I am testing this on 4.19 kernel, and this is what I get, not sure if it is related, or I am mis-using it:
[ 8.762802] sysrq: SysRq : DEBUG
[ 8.763406] KGDB: Entering KGDB
[ 8.765296] Unable to handle kernel paging request for data at address 0x00000260
[ 8.765370] Faulting instruction address: 0xc00000000062ac9c
[ 8.765735] KGDB: re-enter exception: ALL breakpoints killed
[ 8.766044] CPU: 0 PID: 49 Comm: sh Not tainted 4.19.0-04681-g01aa9d5 #3
[ 8.766253] Call Trace:
[ 8.766867] [c00000001e853070] [c0000000009160e4] dump_stack+0xe8/0x164 (unreliable)
[ 8.767037] [c00000001e8530c0] [c0000000001fd544] kgdb_handle_exception+0x294/0x2c0
[ 8.767142] [c00000001e853190] [c000000000048b70] kgdb_debugger+0xc0/0xe0
[ 8.767226] [c00000001e8531b0] [c000000000029b44] die+0xc4/0xf0
[ 8.767301] [c00000001e8531f0] [c000000000069ec8] bad_page_fault+0xe8/0x180
[ 8.767385] [c00000001e853260] [c00000000000b160] handle_page_fault+0x34/0x38
[ 8.767500] --- interrupt: 300 at hvc_poll_get_char+0x2c/0x90
[ 8.767500] LR = kgdboc_get_char+0x4c/0x70
Looking at the failing instruction, I see:
c00000000062ac98: 00 00 29 e9 ld r9,0(r9)

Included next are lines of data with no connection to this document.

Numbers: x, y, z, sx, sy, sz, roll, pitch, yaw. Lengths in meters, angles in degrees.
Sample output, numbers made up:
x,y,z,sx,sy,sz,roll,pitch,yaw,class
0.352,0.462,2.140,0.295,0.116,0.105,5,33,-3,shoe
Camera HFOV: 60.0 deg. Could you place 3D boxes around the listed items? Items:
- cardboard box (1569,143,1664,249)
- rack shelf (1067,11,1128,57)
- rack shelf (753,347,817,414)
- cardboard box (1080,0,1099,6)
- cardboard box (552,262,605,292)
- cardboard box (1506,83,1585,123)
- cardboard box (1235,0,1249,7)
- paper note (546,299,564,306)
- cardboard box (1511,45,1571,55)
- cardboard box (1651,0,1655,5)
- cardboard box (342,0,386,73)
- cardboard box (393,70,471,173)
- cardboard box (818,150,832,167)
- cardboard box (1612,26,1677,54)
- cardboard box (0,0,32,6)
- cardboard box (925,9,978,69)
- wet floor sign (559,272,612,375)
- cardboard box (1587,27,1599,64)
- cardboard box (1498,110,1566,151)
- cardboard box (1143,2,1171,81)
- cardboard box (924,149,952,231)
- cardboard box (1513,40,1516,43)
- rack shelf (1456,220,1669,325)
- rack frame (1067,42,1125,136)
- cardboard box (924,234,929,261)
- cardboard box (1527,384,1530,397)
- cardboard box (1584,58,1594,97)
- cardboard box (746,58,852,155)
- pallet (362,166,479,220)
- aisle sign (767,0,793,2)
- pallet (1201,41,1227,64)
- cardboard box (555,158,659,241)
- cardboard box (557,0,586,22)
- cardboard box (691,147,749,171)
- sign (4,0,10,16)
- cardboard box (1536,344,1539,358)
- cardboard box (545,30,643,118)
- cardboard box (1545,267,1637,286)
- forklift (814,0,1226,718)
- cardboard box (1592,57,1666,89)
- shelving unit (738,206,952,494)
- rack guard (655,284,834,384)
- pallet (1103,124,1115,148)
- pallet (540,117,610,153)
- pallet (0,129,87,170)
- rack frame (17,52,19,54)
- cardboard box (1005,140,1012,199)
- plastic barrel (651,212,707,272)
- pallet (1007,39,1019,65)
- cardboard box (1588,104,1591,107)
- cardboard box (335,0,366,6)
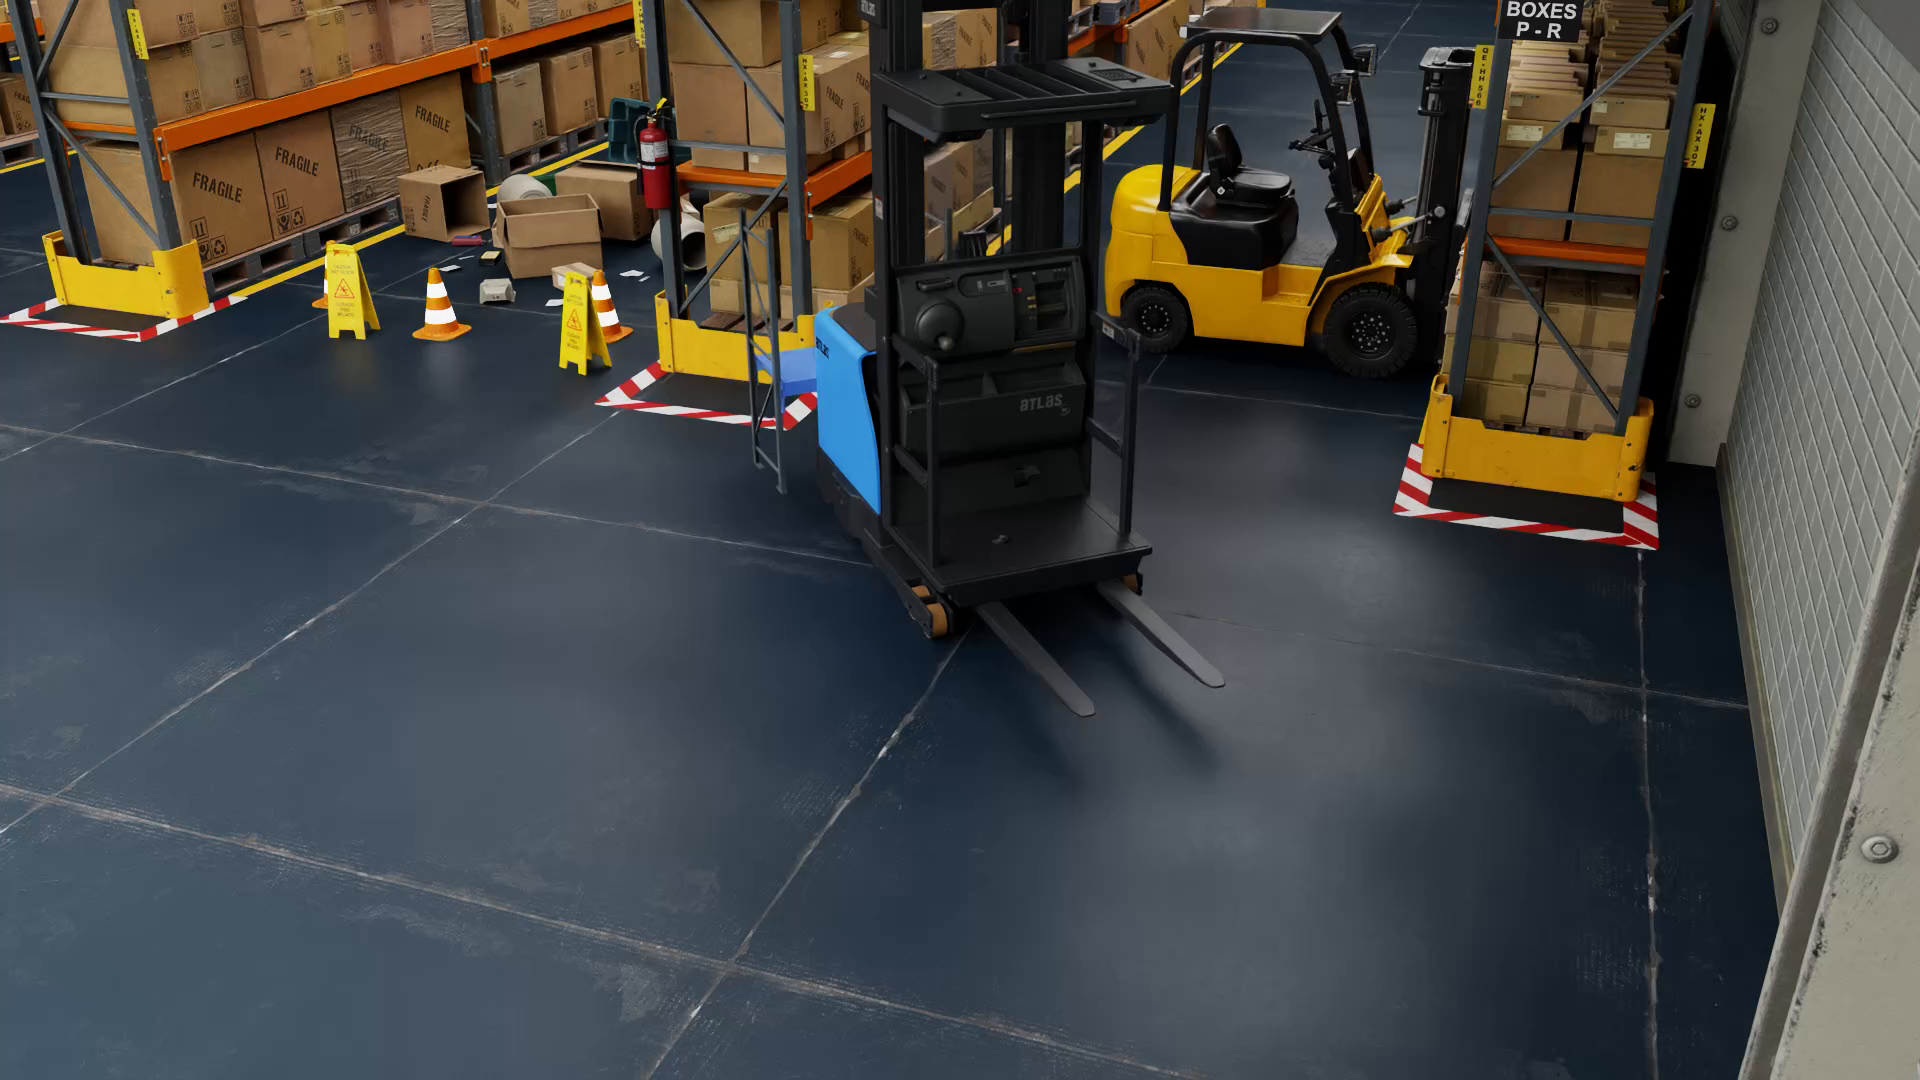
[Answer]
x,y,z,sx,sy,sz,roll,pitch,yaw,class
3.673,-1.926,9.170,0.500,0.500,0.500,10,27,19,cardboard box
0.561,-4.577,15.588,1.077,0.370,4.000,9,27,17,rack shelf
-0.623,-0.963,9.426,1.000,0.185,0.538,-11,28,-22,rack shelf
1.107,-5.182,15.817,0.380,0.149,0.250,9,27,18,cardboard box
-2.905,-1.984,12.676,0.250,0.149,0.380,-20,33,-36,cardboard box
3.167,-2.366,8.994,0.380,0.149,0.250,9,27,18,cardboard box
3.467,-7.383,23.016,0.875,0.438,0.875,9,27,19,cardboard box
-2.998,-1.776,12.384,0.148,0.019,0.142,0,26,-1,paper note
3.497,-2.905,10.107,0.380,0.149,0.250,9,27,18,cardboard box
5.292,-4.223,13.171,0.380,0.149,0.250,9,27,17,cardboard box
-5.370,-4.236,13.884,0.875,0.550,0.550,9,27,17,cardboard box
-5.081,-3.740,14.989,0.875,0.875,0.875,9,27,18,cardboard box
-1.057,-2.538,10.838,0.380,0.149,0.250,9,27,18,cardboard box
4.429,-3.233,10.786,0.380,0.149,0.250,8,27,17,cardboard box
-9.658,-5.519,16.251,0.875,0.500,0.500,9,27,17,cardboard box
-0.183,-3.827,12.756,0.500,0.500,0.500,10,27,19,cardboard box
-2.508,-1.453,11.011,0.267,0.644,0.232,20,32,35,wet floor sign
4.988,-3.690,12.527,0.500,0.250,0.500,8,27,17,cardboard box
3.097,-2.237,9.070,0.380,0.149,0.250,9,27,18,cardboard box
1.835,-5.594,18.817,0.875,0.875,0.875,9,27,18,cardboard box
-0.385,-2.667,12.629,0.500,0.500,0.500,10,28,20,cardboard box
3.931,-3.426,11.184,0.380,0.149,0.250,9,27,19,cardboard box
3.912,-2.215,10.709,1.077,0.370,4.000,9,27,17,rack shelf
1.226,-5.723,17.128,1.000,3.000,0.127,9,27,17,rack frame
-0.560,-2.113,12.346,0.500,0.250,0.500,11,28,21,cardboard box
3.279,-1.111,10.275,0.500,0.250,0.500,9,27,17,cardboard box
4.514,-2.978,11.344,0.500,0.500,0.500,9,27,18,cardboard box
-1.017,-2.769,10.571,0.500,0.500,0.500,8,27,17,cardboard box
-5.133,-3.199,15.116,1.003,0.211,1.213,9,27,17,pallet
-1.164,-3.535,9.626,0.394,0.787,0.004,9,27,17,aisle sign
2.884,-6.413,21.753,1.003,0.211,1.213,9,27,17,pallet
-2.935,-2.848,13.898,0.797,0.637,0.503,9,27,17,cardboard box
-4.041,-5.390,16.326,0.500,0.500,0.500,9,27,17,cardboard box
-1.513,-2.507,10.774,0.380,0.149,0.250,10,27,19,cardboard box
-6.644,-3.824,11.605,0.100,0.325,0.005,9,27,17,sign
3.755,-1.265,10.019,0.500,0.250,0.500,8,27,17,cardboard box
-4.050,-4.979,17.691,1.050,0.750,0.750,9,27,18,cardboard box
3.748,-1.495,9.921,0.500,0.250,0.500,9,27,18,cardboard box
0.236,-1.066,7.589,1.130,2.935,3.031,-10,28,-20,forklift
3.913,-2.720,9.725,0.380,0.149,0.250,10,27,19,cardboard box
-0.623,-1.125,9.348,1.048,1.500,0.538,-11,28,-22,shelving unit
-1.410,-1.342,10.947,1.175,0.500,0.348,9,27,17,rack guard
0.965,-4.147,17.073,1.003,0.211,1.213,9,27,17,pallet
-4.216,-4.332,17.454,1.003,0.211,1.213,9,27,17,pallet
-9.640,-3.980,16.728,1.003,0.211,1.213,9,27,17,pallet
-12.789,-7.879,21.580,1.000,3.000,0.127,9,27,17,rack frame
0.068,-3.302,14.660,0.950,0.372,0.625,9,27,18,cardboard box
-2.176,-2.344,13.106,0.421,0.421,0.512,-14,29,-27,plastic barrel
0.287,-4.286,14.380,1.003,0.211,1.213,9,27,17,pallet
3.717,-2.370,9.344,0.380,0.149,0.250,8,27,17,cardboard box
-5.344,-4.718,13.640,0.875,0.550,0.550,9,27,17,cardboard box

c00000000062ac9c: 60 02 29 e9 ld r9,608(r9)
Looking at the code, I see:
873 {
874 struct tty_struct *tty = driver->ttys[0];
875 struct hvc_struct *hp = tty->driver_data;
So, it means that tty is null, and it is being de-referenced by driver_data
Following fixes are now in 4.20: linuxppc/linux@be28c1e3ca29887e207f0cbcd294cefe5074bab6 linuxppc/linux@dded2e159208a9edc21dd5c5f583afa28d378d39 linuxppc/linux@568fb6f42ac6851320adaea25f8f1b94de14e40a linuxppc/linux@fb978ca207743badfe7efd9eebe68bcbb4969f79
Are there still issues with kgdb ?
I'm seeing the bug in https://github.com/linuxppc/issues/issues/140#issuecomment-433072259 still happening with 5.8.0-rc4, so I don't think kgdb works with the hvc driver currently.
The very basics work, eg:
But then other things oops, in particular the self tests blow up.